**TASK ITEM**
The records below are to be restated word for word, with their images omitted.

EXERCISE INPUT section start

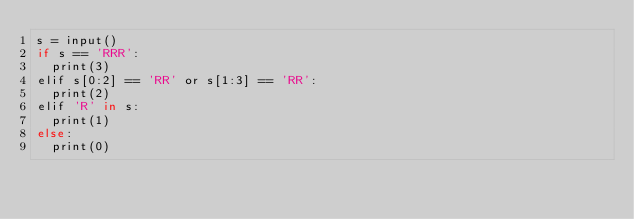<code> <loc_0><loc_0><loc_500><loc_500><_TypeScript_>s = input()
if s == 'RRR':
  print(3)
elif s[0:2] == 'RR' or s[1:3] == 'RR':
  print(2)
elif 'R' in s:
  print(1)
else:
  print(0)</code> 
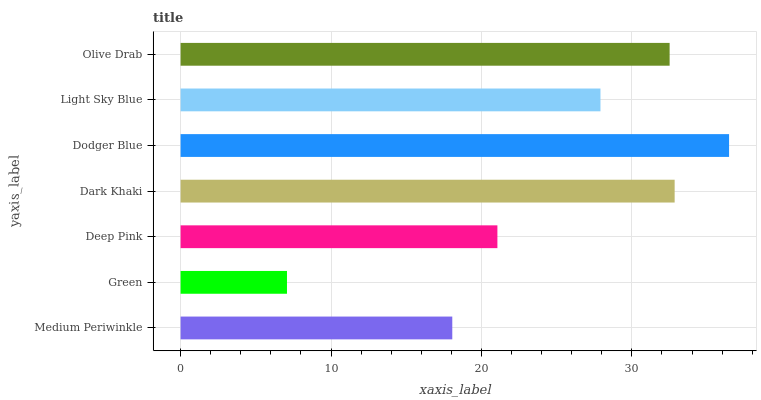Is Green the minimum?
Answer yes or no. Yes. Is Dodger Blue the maximum?
Answer yes or no. Yes. Is Deep Pink the minimum?
Answer yes or no. No. Is Deep Pink the maximum?
Answer yes or no. No. Is Deep Pink greater than Green?
Answer yes or no. Yes. Is Green less than Deep Pink?
Answer yes or no. Yes. Is Green greater than Deep Pink?
Answer yes or no. No. Is Deep Pink less than Green?
Answer yes or no. No. Is Light Sky Blue the high median?
Answer yes or no. Yes. Is Light Sky Blue the low median?
Answer yes or no. Yes. Is Olive Drab the high median?
Answer yes or no. No. Is Deep Pink the low median?
Answer yes or no. No.

EXERCISE INPUT section end

**SOLUTION TO THIS TASK**
<code> <loc_0><loc_0><loc_500><loc_500><_TypeScript_>s = input()
if s == 'RRR':
  print(3)
elif s[0:2] == 'RR' or s[1:3] == 'RR':
  print(2)
elif 'R' in s:
  print(1)
else:
  print(0)</code> 
Is Green the minimum?
Answer yes or no. Yes. Is Dodger Blue the maximum?
Answer yes or no. Yes. Is Deep Pink the minimum?
Answer yes or no. No. Is Deep Pink the maximum?
Answer yes or no. No. Is Deep Pink greater than Green?
Answer yes or no. Yes. Is Green less than Deep Pink?
Answer yes or no. Yes. Is Green greater than Deep Pink?
Answer yes or no. No. Is Deep Pink less than Green?
Answer yes or no. No. Is Light Sky Blue the high median?
Answer yes or no. Yes. Is Light Sky Blue the low median?
Answer yes or no. Yes. Is Olive Drab the high median?
Answer yes or no. No. Is Deep Pink the low median?
Answer yes or no. No.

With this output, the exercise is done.